Sterically induced conformational restriction: Discovery and preclinical evaluation of novel pyrrolo[3,2-d]pyrimidines as microtubule targeting agents

  • Bioorg Med Chem. 2018 Nov 1;26(20):5470-5478. doi: 10.1016/j.bmc.2018.09.025.
Roheeth Kumar Pavana  1 Khushbu Shah  1 Taylor Gentile  1 Nicholas F Dybdal-Hargreaves  2 April L Risinger  2 Susan L Mooberry  2 Ernest Hamel  3 Aleem Gangjee  4
Affiliations
  • 1. Division of Medicinal Chemistry, Graduate School of Pharmaceutical Sciences, Duquesne University, Pittsburgh, PA 15282, United States.

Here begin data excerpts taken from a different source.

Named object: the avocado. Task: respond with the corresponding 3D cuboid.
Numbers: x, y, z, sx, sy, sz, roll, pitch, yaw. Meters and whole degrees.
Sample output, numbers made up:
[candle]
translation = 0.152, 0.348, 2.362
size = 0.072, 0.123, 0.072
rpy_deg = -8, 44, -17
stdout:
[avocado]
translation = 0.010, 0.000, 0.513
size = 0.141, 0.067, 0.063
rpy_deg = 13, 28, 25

  • 2. Department of Pharmacology, Mays Cancer Center, University of Texas Health Science Center at San Antonio, 7703 Floyd Curl Drive, San Antonio, TX 78229, United States.

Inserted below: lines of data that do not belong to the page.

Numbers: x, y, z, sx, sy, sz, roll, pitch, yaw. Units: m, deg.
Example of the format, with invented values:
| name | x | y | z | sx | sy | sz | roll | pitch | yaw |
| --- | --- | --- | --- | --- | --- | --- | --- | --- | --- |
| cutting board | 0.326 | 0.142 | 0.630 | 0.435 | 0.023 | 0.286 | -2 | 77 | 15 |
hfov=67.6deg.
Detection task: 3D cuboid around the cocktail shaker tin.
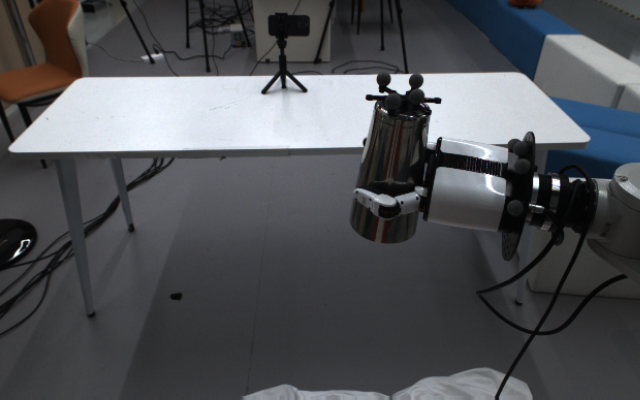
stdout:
| name | x | y | z | sx | sy | sz | roll | pitch | yaw |
| --- | --- | --- | --- | --- | --- | --- | --- | --- | --- |
| cocktail shaker tin | 0.093 | -0.041 | 0.614 | 0.093 | 0.170 | 0.093 | 3 | 34 | -2 |

  • 3. Screening Technologies Branch, Developmental Therapeutics Program, Division of Cancer Treatment and Diagnosis, National Cancer Institute at Frederick, National Institutes of Health, Frederick, MD 21702, United States.

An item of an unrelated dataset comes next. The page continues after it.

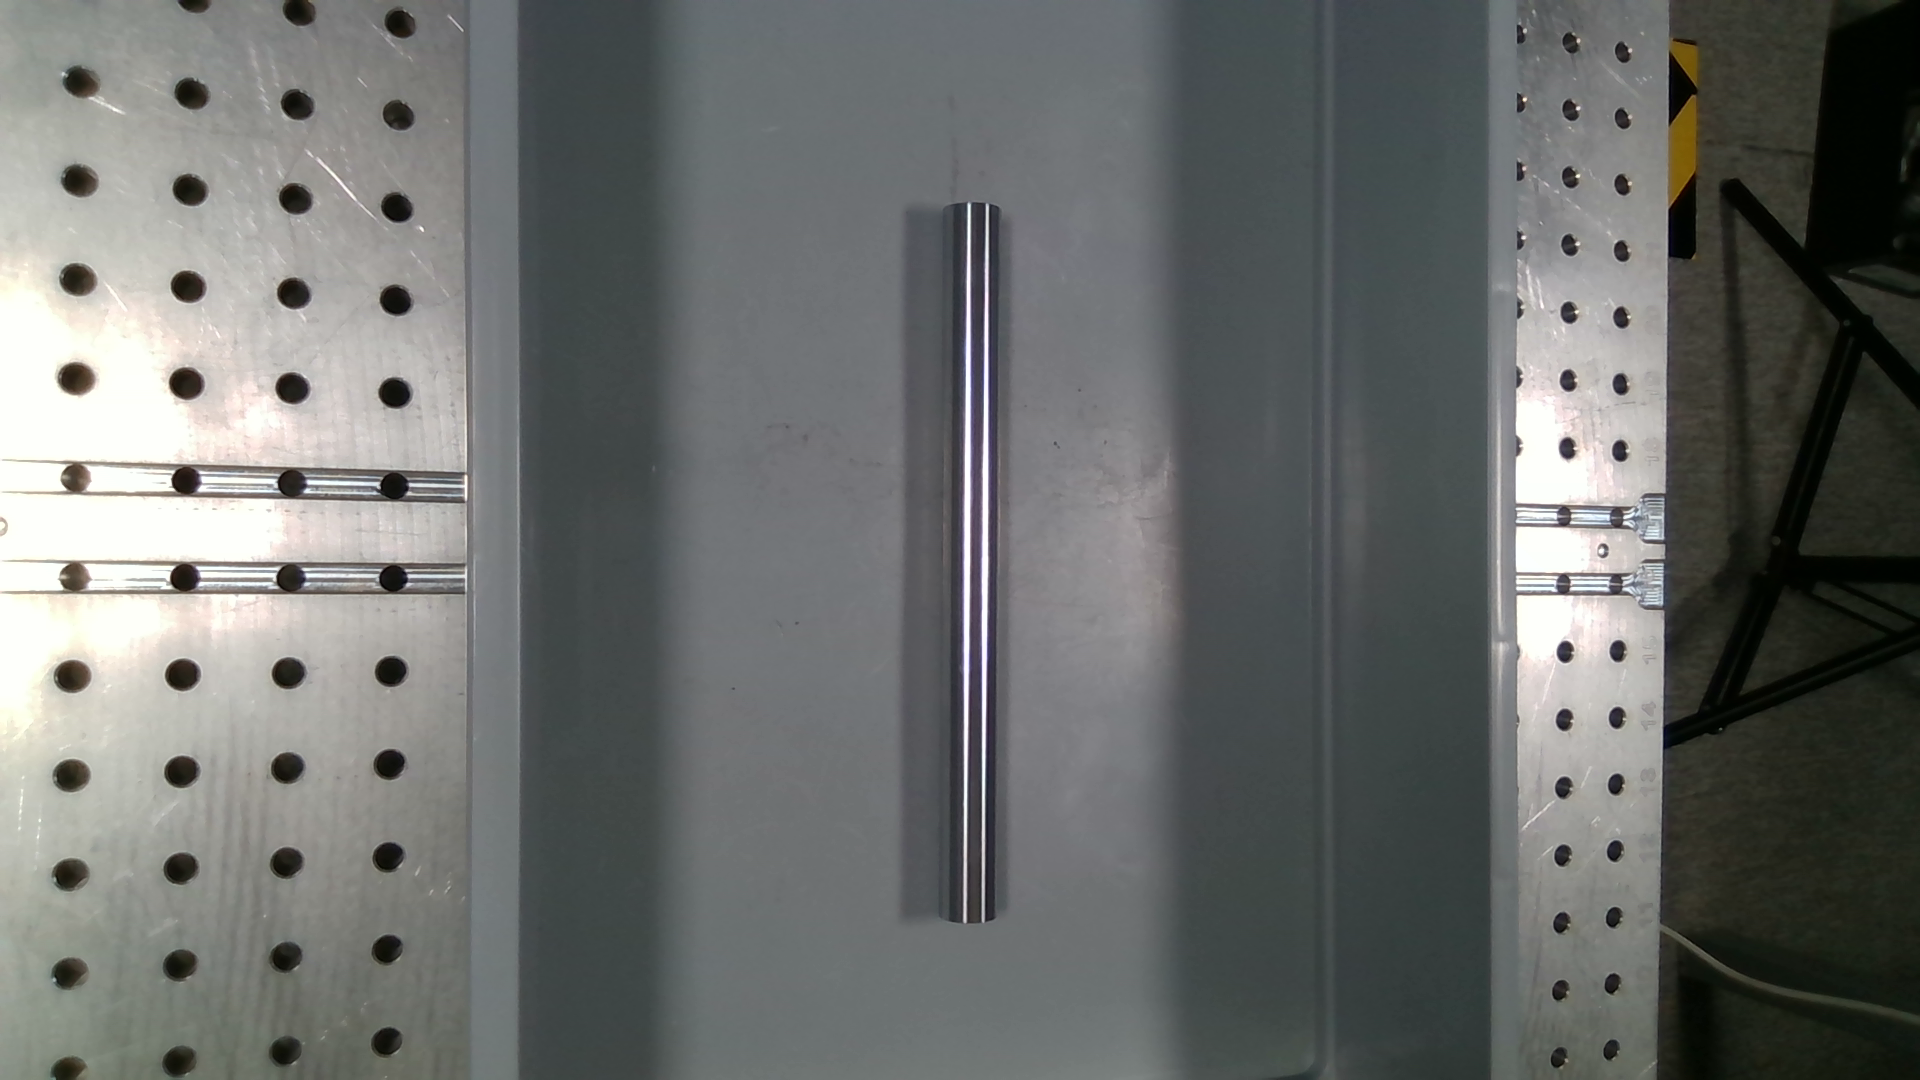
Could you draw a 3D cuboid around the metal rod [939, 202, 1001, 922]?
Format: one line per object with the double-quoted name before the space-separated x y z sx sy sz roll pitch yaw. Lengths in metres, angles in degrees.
"metal rod" 0.004 0.009 0.586 0.025 0.025 0.300 0 90 -20

  • 4. Division of Medicinal Chemistry, Graduate School of Pharmaceutical Sciences, Duquesne University, Pittsburgh, PA 15282, United States. Electronic address: [email protected].
Abstract

The discovery, synthesis and biological evaluations of a series of nine N5-substituted-pyrrolo[3,2-d]pyrimidin-4-amines are reported. Novel compounds with microtubule depolymerizing activity were identified. Some of these compounds also circumvent clinically relevant drug resistance mechanisms (expression of P-glycoprotein and βIII tubulin). Compounds 4, 5, and 8-13 were one to two-digit nanomolar (IC50) inhibitors of Cancer cells in culture. Contrary to recent reports (Banerjee et al. J. Med. Chem.2018, 61, 1704-1718), the conformation of the most active compounds determined by 1H NMR and molecular modeling are similar to that reported previously and in keeping with recently reported X-ray crystal structures. Compound 11, freely water soluble as the HCl salt, afforded statistically significant inhibition of tumor growth in three xenograft models [MDA-MB-435, MDA-MB-231 and NCI/ADR-RES] compared with controls. Compound 11 did not display indications of animal toxicity and is currently slated for further preclinical development.

Keywords
Microtubule depolymerizers; Microtubule targeting agents; P-glycoprotein; Preclinical agents; Pyrrolo[3, 2-d]pyrimidines; βIII tubulin.